Resolutions 1 to 11 (inclusive) will be proposed as ordinary resolutions, which means that for each of these to be passed, more than 50% of the votes cast must be in favour of the resolution. Resolutions 12 to 15 will be proposed as special resolutions, meaning that for each of these to be passed, at least 75% of the votes cast must be in favour.
Each of the resolutions to be considered at the AGM will be voted on by way of a poll. This ensures that, if shareholders are unable to attend the AGM but have appointed proxies, their votes are taken into account. The results of the polls will be announced to the London Stock Exchange and published on the Company's website as soon as possible after the conclusion of the AGM.
By order of the Board
Company Secretary 28 September 2021
In order for a proxy appointment to be valid a form of proxy must be completed.

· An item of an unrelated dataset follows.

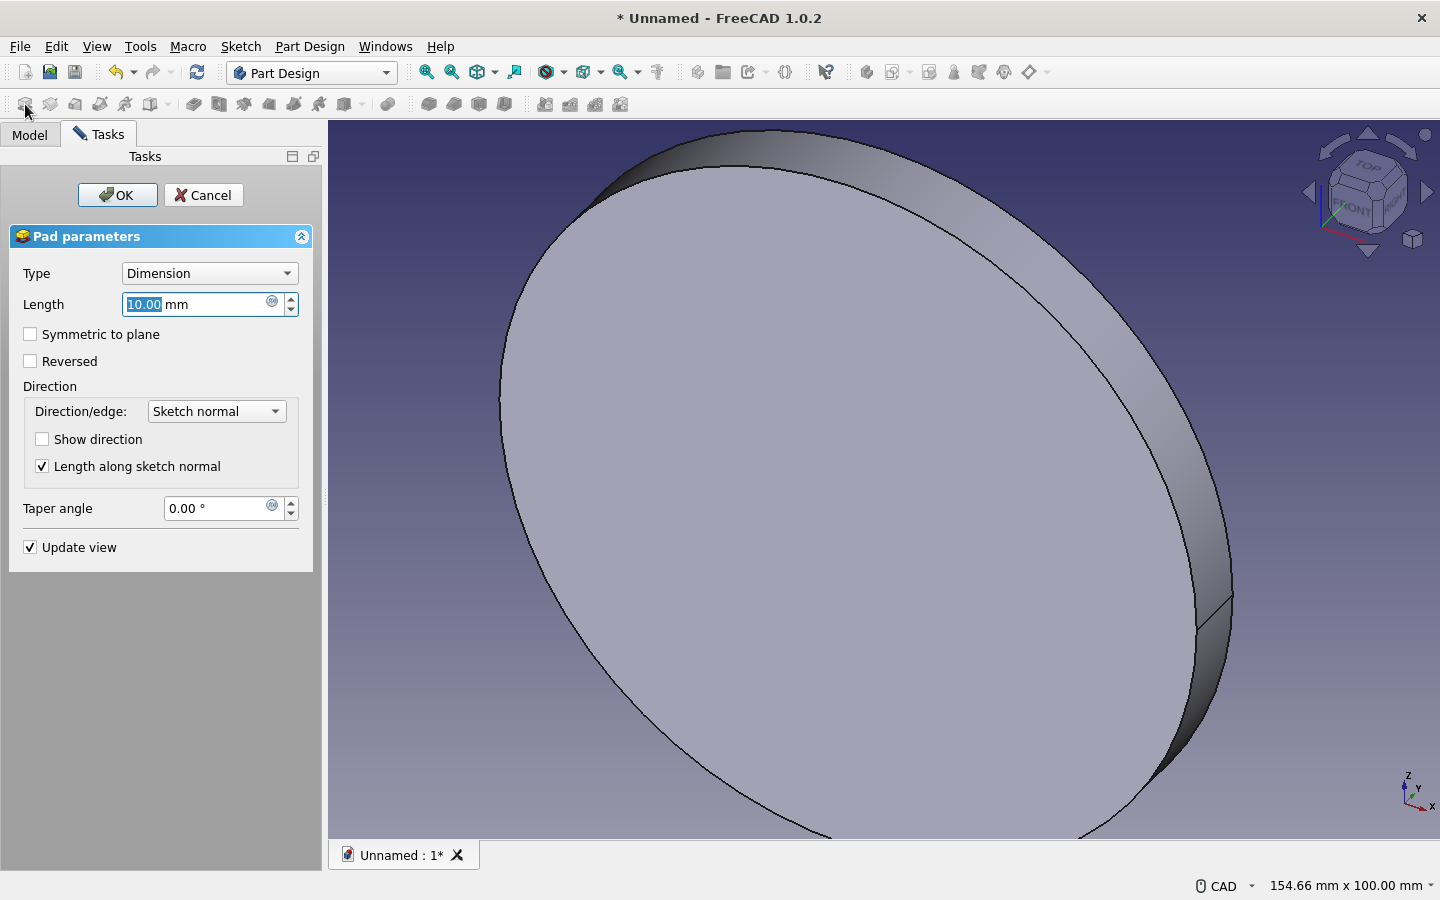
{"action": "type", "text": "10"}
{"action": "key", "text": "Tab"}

In each case the form of proxy must be received by Link Group at 10th Floor, Central Square, 29 Wellington Street, Leeds LS1 4DL by 12 noon on Monday 1 November 2021.
A person to whom this notice is sent who is a person nominated under Section 146 of the Companies Act 2006 ("the Act") to enjoy information rights (a "Nominated Person") may, under an agreement between him/her and the Shareholder by whom he/she was nominated, have a right to be appointed (or to have someone else appointed) as a proxy for the AGM. If a Nominated Person has no such proxy appointment right or does not wish to exercise it, he/she may, under any such agreement, have a right to give instructions to the Shareholder as to the exercise of voting rights.
The statements of the rights of members in relation to the appointment of proxies in note 3 above do not apply to a Nominated Person. The rights described in this note can only be exercised by registered members of the Company.